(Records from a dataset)
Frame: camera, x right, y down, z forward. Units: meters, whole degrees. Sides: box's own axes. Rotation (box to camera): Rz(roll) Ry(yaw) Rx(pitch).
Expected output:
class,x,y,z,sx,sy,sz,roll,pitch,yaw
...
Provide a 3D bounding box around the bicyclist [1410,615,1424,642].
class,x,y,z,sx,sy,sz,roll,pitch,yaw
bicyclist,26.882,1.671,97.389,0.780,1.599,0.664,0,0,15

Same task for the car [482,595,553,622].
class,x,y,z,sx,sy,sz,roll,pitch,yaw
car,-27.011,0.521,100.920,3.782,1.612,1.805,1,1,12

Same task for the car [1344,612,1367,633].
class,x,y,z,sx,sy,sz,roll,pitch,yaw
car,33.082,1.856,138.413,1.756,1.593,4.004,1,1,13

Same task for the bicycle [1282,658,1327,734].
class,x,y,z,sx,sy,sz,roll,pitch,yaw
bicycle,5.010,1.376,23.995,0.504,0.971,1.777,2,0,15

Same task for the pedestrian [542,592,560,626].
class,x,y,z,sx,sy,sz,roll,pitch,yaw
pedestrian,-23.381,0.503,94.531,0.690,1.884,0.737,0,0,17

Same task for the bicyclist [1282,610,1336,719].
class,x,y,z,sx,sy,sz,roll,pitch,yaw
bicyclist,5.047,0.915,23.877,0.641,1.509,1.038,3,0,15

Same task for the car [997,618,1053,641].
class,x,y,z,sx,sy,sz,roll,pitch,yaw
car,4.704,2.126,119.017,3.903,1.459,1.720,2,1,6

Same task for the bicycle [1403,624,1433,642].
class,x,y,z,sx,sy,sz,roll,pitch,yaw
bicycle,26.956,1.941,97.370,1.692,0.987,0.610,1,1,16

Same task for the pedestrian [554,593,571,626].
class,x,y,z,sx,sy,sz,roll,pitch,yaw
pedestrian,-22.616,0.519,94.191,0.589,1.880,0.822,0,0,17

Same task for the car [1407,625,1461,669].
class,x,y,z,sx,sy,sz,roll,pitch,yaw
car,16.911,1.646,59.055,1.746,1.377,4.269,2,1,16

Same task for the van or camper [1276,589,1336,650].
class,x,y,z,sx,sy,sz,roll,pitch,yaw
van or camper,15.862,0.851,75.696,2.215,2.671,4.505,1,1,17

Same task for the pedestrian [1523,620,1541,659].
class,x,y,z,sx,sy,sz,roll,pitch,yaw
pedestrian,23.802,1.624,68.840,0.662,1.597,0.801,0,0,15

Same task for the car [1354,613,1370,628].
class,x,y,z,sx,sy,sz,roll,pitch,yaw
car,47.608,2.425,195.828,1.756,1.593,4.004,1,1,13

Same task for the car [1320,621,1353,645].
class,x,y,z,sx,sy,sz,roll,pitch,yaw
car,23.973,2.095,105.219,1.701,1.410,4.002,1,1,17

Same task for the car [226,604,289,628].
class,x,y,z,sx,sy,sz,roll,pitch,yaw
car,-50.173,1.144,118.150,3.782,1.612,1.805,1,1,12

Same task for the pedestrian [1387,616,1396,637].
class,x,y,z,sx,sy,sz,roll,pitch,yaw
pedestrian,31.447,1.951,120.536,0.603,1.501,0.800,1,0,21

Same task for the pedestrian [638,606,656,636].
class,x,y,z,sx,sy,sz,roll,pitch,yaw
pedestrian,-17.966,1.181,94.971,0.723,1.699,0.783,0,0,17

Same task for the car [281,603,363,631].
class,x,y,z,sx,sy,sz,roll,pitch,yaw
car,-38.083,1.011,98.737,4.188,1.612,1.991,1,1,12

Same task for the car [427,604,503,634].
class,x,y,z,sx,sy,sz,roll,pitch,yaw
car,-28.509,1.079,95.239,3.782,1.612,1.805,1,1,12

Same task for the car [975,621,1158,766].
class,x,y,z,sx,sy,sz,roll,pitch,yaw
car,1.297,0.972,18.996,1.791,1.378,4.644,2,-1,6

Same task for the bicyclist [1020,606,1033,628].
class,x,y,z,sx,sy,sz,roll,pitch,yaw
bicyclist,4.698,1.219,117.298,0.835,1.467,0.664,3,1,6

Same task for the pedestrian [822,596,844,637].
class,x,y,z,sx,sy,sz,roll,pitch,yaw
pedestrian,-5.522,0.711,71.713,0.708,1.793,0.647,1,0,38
==
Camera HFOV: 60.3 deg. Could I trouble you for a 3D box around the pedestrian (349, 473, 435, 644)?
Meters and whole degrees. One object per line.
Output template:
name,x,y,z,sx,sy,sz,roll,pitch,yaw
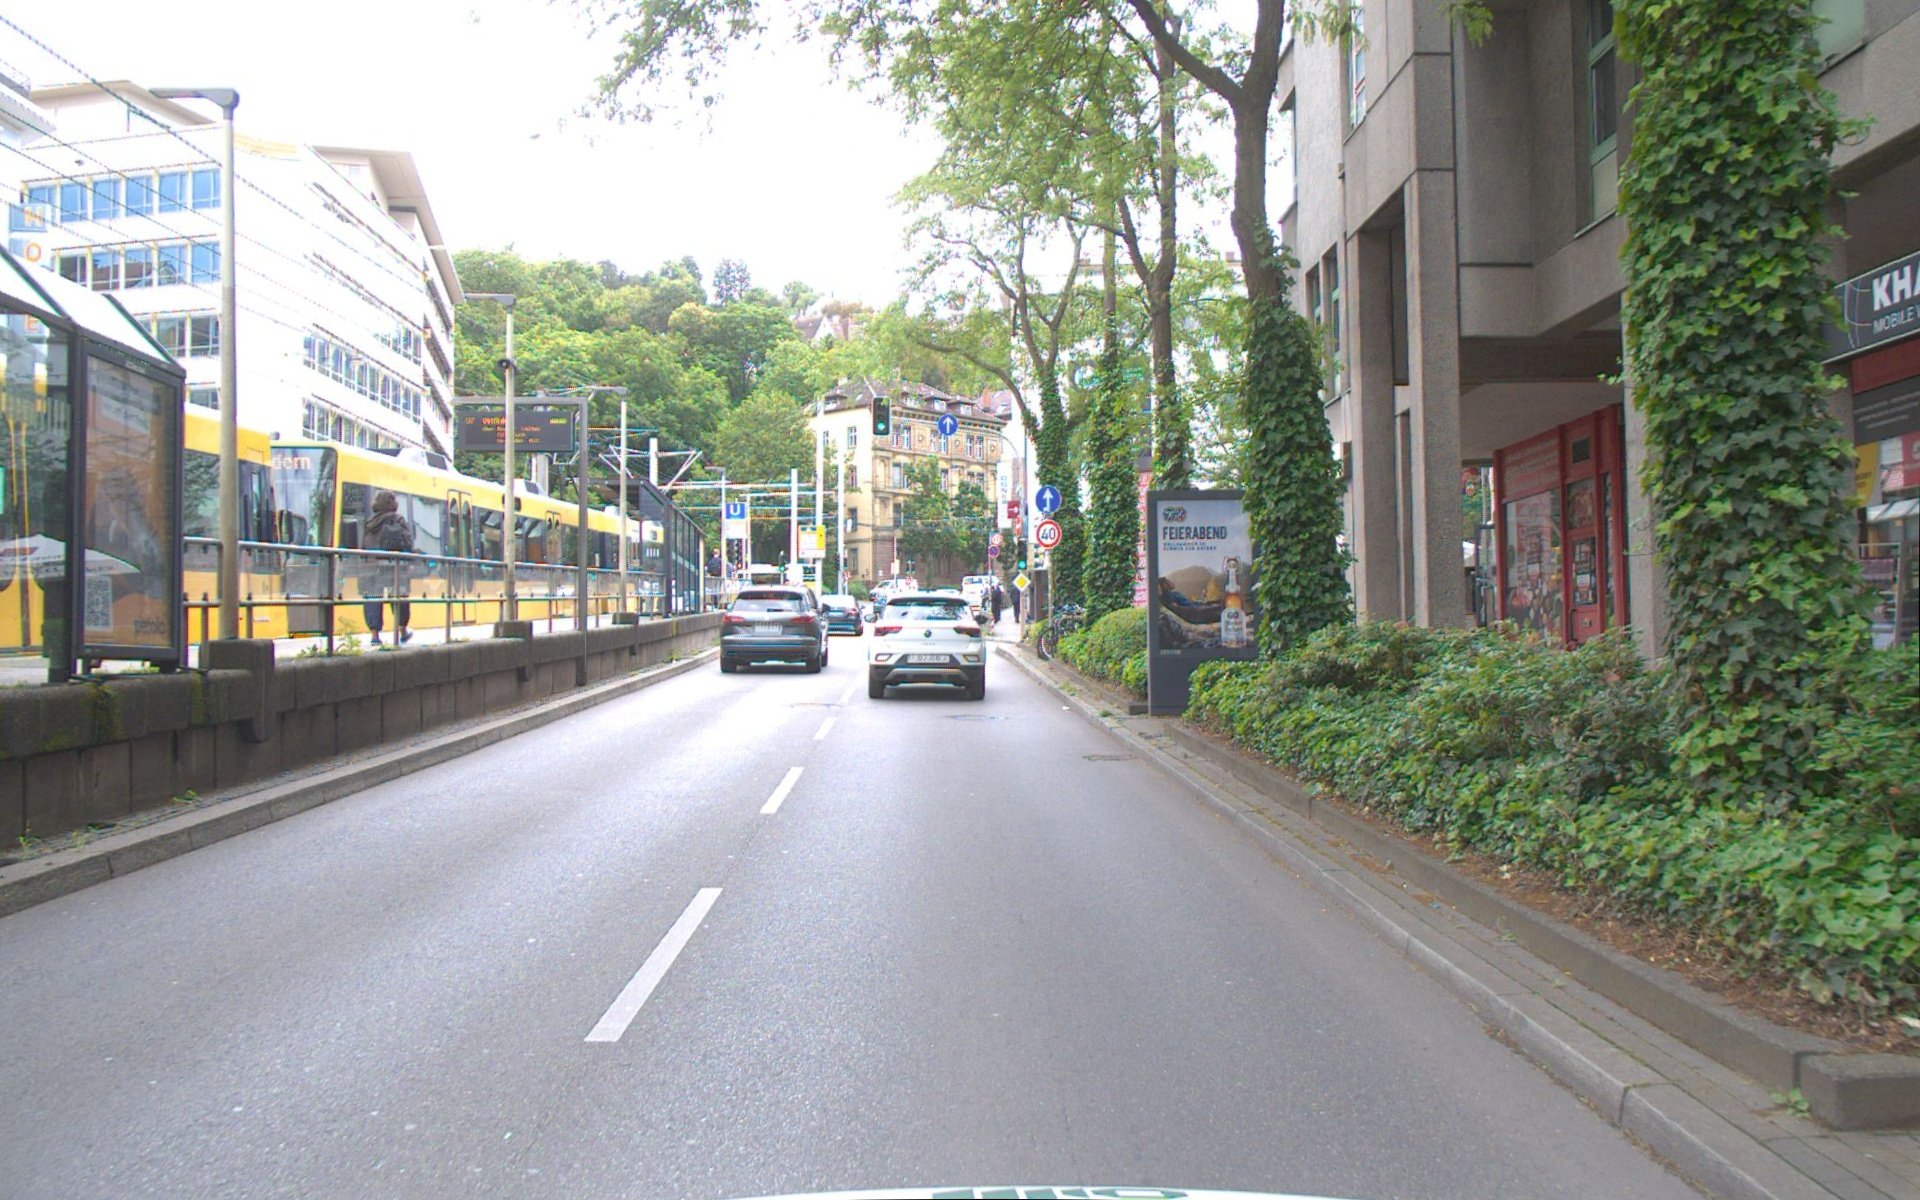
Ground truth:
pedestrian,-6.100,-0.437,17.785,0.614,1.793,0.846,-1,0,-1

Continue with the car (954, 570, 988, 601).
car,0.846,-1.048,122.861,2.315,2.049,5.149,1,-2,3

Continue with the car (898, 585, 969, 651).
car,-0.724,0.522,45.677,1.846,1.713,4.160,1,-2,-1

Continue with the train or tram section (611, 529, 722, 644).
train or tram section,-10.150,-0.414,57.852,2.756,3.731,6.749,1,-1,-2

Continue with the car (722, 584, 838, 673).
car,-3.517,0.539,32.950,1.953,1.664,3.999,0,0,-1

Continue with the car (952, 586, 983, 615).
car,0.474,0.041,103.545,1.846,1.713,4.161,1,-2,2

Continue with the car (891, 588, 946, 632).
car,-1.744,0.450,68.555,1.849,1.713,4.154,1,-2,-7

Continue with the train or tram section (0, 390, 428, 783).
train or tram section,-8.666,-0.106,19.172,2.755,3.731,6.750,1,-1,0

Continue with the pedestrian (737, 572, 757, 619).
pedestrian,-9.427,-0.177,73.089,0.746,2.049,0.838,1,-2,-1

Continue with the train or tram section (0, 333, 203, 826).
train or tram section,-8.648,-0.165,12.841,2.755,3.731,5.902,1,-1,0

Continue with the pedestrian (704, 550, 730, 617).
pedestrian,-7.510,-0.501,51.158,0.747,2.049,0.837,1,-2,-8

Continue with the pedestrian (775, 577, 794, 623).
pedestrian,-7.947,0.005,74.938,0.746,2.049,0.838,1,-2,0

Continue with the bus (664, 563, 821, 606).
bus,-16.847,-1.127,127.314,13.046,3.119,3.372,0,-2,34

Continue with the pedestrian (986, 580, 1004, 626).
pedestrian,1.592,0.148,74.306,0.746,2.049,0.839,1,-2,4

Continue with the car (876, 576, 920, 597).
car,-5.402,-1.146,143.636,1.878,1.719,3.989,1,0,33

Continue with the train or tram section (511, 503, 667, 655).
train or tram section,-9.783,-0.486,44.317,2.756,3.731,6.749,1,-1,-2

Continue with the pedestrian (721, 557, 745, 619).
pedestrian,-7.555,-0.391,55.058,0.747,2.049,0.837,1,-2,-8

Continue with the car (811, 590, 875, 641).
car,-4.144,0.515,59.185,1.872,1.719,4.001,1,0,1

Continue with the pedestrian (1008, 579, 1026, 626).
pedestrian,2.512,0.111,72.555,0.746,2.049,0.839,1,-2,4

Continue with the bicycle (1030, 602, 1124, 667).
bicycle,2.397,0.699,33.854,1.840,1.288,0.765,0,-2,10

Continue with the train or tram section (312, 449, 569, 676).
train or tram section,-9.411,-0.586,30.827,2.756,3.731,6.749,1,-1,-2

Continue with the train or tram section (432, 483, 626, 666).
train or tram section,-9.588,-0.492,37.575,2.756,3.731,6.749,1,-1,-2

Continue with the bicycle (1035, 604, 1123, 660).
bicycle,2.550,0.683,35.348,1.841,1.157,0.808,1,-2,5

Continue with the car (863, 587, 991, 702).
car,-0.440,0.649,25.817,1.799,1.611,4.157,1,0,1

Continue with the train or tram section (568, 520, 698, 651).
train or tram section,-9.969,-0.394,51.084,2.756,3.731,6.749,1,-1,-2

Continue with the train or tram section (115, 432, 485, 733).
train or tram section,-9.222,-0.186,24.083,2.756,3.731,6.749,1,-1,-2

> [Your objective]
Report the lines above that contain "degrees".

> [Exercise response]
Frame: camera, x right, y down, z forward. Units: meters, whole degrees. Sides: box's own axes. Rotation (box to camera): Rz(roll) Ry(yaw) Rx(pitch).
Meters and whole degrees. One object per line.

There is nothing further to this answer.